Goofy and SW great posts. It is become very clear that some on this site will support the DWR no matter what. That will not fix the problem. They have to do a better job than they have done in the past. I have worked for two very successful companies over the past 20 yrs. Had my performance or others around me mimicked the UDWR I would have not kept my job. That is a fact!!!! I do not support the idea of the DWR being taken over by a private company, but I will say this. It would be run much much different if it was.
I truly believe some of the support on this site for the division is more emotional and personal ties than fact or scienicic based. You'll never change some minds regardless of the facts.


----------



## bullsnot (Aug 10, 2010)

swbuckmaster said:


> What's sad is a company that brings in 70 million can't do its job with 400 employees.
> 
> Sounds like the typical government never enough money, tax tax tax.
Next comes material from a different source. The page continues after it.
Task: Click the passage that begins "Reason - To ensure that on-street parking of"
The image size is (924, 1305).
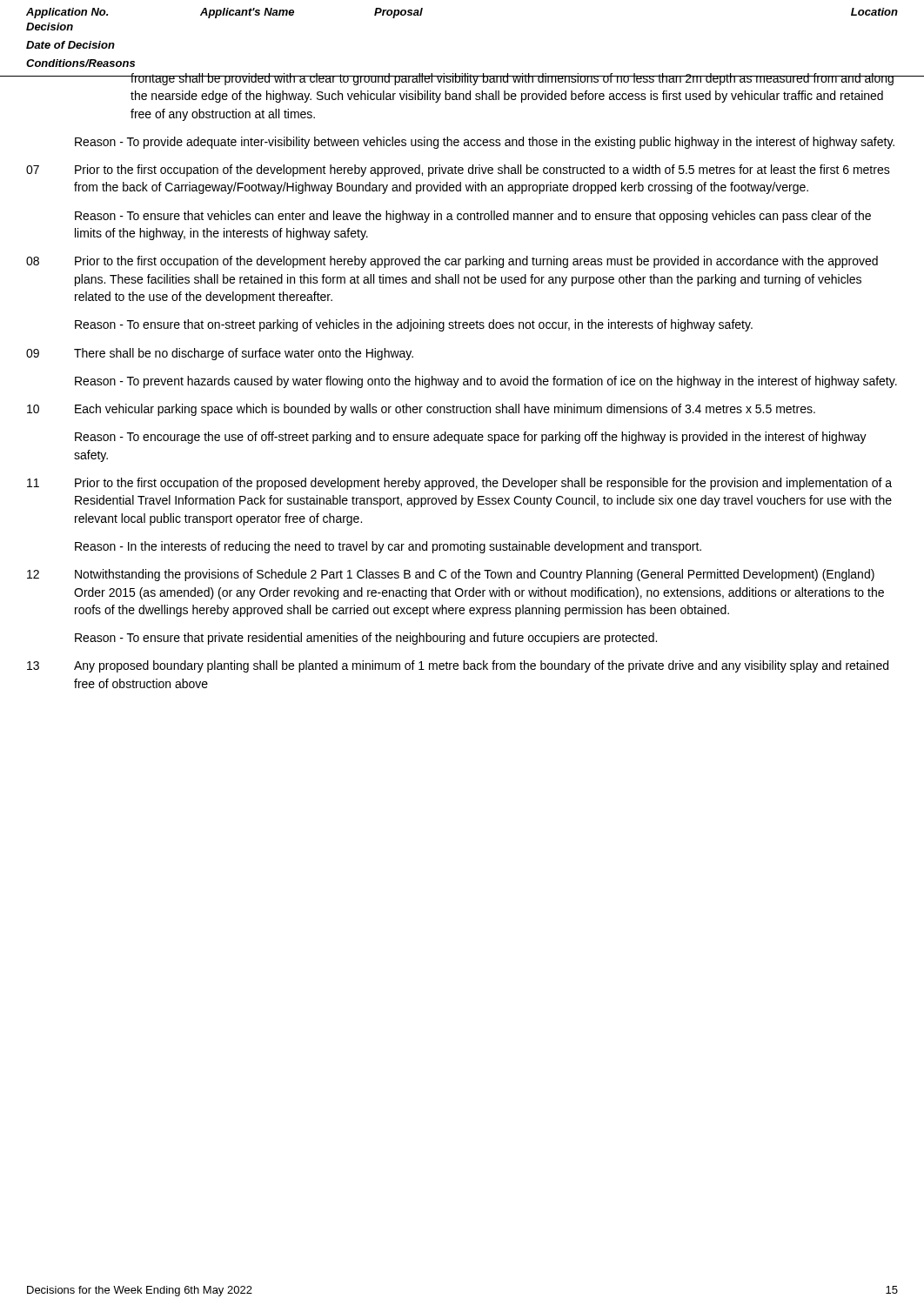Action: coord(414,325)

Don't forget about the fleet of vehicles, flights, and these items that cost money:

From the divisions director letter to deer hunters

1.*Habitat* - In the last five years, the Division, along with its many partners, has improved mule deer habitat on more than 600,000 acres at a cost of more than $70 million. Our deer management plan has an objective to improve another 500,000 acres of habitat in the next five years.
2.*Predators* - In the last five years, the Division has provided almost $3 million to Wildlife Services to control coyotes in areas that are important to our deer populations. Last year alone, Wildlife Services killed more than 1,700 coyotes in critical deer habitat areas with funding and guidance provided by the Division. The Division would like to expand our predator control efforts if we can obtain new funding.
3.*Highway Mortality* - Deer-auto collisions are responsible for the death of thousands of deer annually. In the past five years, UDOT has spent more than $45 million on fencing and highway bypass structures around the state for both mule deer and elk. The Division is also providing funding to Utah State University for a study to further identify the most effective types of highway bypass structures for both deer and elk.
4.*Poaching* - The Division has stepped up our law enforcement efforts and put more resources into catching poachers who steal many deer from Utah sportsmen each year. 5.Disease - The Division has expended more than $1 million in the last five years in the surveillance and research of chronic wasting disease and other diseases that affect mule deer.
6.*Research* - The Division has initiated numerous research projects in recent years to better understand the factors that are negatively affecting our mule deer populations. Last winter, the Division embarked on an extensive statewide radio telemetry study to better understand over-winter survival of both does and fawns. Hundreds of deer will be collared over the next few years-at an expense of more than $1 million-in order to gain better information about deer survival rates. The Division is also planning a comprehensive productivity study that will focus on the impacts of predators on mule deer fawns.
7.*Emergency Feeding* - The Division has an emergency winter feeding policy for deer should unusually severe conditions arise that warrant supplemental feeding. Even though feeding deer is both expensive and labor intensive, the Division has resources set aside for emergency situations. In 2008, the Division, in concert with several sportsman organizations, fed more than 14,000 deer in the Northern Region at a cost of more than $228,000.


----------



## bullsnot (Aug 10, 2010)

Muley73 said:


> Goofy and SW great posts. It is become very clear that some on this site will support the DWR no matter what.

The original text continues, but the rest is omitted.